Fill in your **NAME** and **AEM** below:

In [None]:
NAME = "Βασίλειος Παπαστέργιος"
AEM = "3651"

---

# Assignment 3 - Ensemble Methods #

Welcome to your third assignment. This exercise will test your understanding on Ensemble Methods.

In [None]:
# Always run this cell
import numpy as np
import pandas as pd

# USE THE FOLLOWING RANDOM STATE FOR YOUR CODE
RANDOM_STATE = 42

## Download the Dataset ##
Download the dataset using the following cell or from this [link](https://github.com/sakrifor/public/tree/master/machine_learning_course/EnsembleDataset) and put the files in the same folder as the .ipynb file.
In this assignment you are going to work with a dataset originated from the [ImageCLEFmed: The Medical Task 2016](https://www.imageclef.org/2016/medical) and the **Compound figure detection** subtask. The goal of this subtask is to identify whether a figure is a compound figure (one image consists of more than one figure) or not. The train dataset consits of 4197 examples/figures and each figure has 4096 features which were extracted using a deep neural network. The *CLASS* column represents the class of each example where 1 is a compoung figure and 0 is not.


In [None]:
import urllib.request
url_train = 'https://github.com/sakrifor/public/raw/master/machine_learning_course/EnsembleDataset/train_set.csv'
filename_train = 'train_set.csv'
urllib.request.urlretrieve(url_train, filename_train)
url_test = 'https://github.com/sakrifor/public/raw/master/machine_learning_course/EnsembleDataset/test_set_noclass.csv'
filename_test = 'test_set_noclass.csv'
urllib.request.urlretrieve(url_test, filename_test)

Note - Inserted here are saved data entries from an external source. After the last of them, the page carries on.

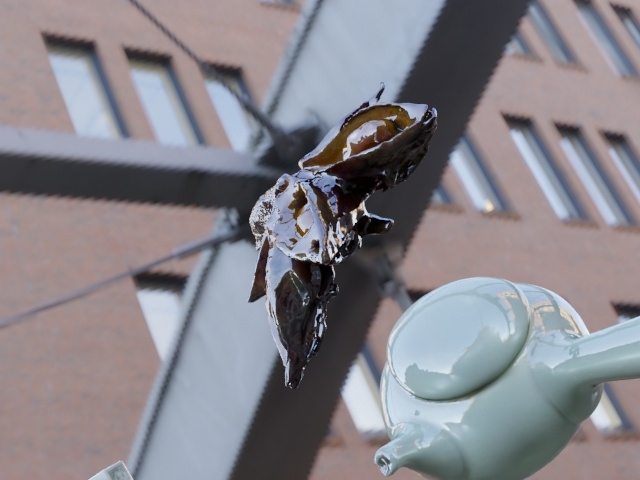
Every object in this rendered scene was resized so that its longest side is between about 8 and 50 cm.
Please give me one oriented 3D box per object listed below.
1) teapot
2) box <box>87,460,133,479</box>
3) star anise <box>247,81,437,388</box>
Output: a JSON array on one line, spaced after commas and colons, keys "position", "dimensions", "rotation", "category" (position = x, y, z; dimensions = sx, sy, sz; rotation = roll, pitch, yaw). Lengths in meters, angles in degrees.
[{"position": [0.190, 0.102, 1.361], "dimensions": [0.318, 0.220, 0.149], "rotation": [-25, -53, 20], "category": "teapot"}, {"position": [-0.170, 0.210, 1.179], "dimensions": [0.083, 0.054, 0.024], "rotation": [-35, -9, 37], "category": "box"}, {"position": [-0.004, -0.002, 0.859], "dimensions": [0.053, 0.157, 0.212], "rotation": [28, -44, -16], "category": "star anise"}]

('test_set_noclass.csv', <http.client.HTTPMessage at 0x7f11ec90c820>)

In [None]:
# Run this cell to load the data
train_set = pd.read_csv("train_set.csv").sample(frac=1).reset_index(drop=True)
train_set.head()
X = train_set.drop(columns=['CLASS'])
y = train_set['CLASS'].values

In [None]:
!pip install -U imbalanced-learn

Looking in indexes: https://pypi.org/simple, https://us-python.pkg.dev/colab-wheels/public/simple/


The following code will reduce the number of instances, dealing with the small imbalance of the dataset, as well as reducing the size of the dataset!

In [None]:
from collections import Counter
from imblearn.under_sampling import NeighbourhoodCleaningRule, RandomUnderSampler

ncr = NeighbourhoodCleaningRule()
X_res, y_res = ncr.fit_resample(X, y)
rus = RandomUnderSampler(random_state=42)
X_res, y_res = rus.fit_resample(X_res, y_res)
print('Resampled dataset shape %s' % Counter(y_res))
X = X_res
y = y_res

Resampled dataset shape Counter({0: 1687, 1: 1687})

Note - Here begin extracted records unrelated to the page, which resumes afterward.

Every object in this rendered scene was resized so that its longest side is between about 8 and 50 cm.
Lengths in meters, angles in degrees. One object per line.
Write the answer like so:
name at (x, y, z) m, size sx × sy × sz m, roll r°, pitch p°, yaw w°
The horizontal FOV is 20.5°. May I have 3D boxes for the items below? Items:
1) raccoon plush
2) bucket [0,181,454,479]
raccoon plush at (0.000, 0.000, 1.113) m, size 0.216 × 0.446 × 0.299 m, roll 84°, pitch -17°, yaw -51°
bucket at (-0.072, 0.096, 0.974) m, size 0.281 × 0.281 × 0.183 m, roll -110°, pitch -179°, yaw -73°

## 1.0 Testing different ensemble methods ##
In this part of the assignment you are asked to create and test different ensemble methods using the train_set.csv dataset. You should use **5-fold cross validation** for your tests and report the average f-measure weighted and balanced accuracy of your models. You can use [cross_validate](https://scikit-learn.org/stable/modules/generated/sklearn.model_selection.cross_validate.html#sklearn.model_selection.cross_validate) and select both metrics to be measured during the evaluation.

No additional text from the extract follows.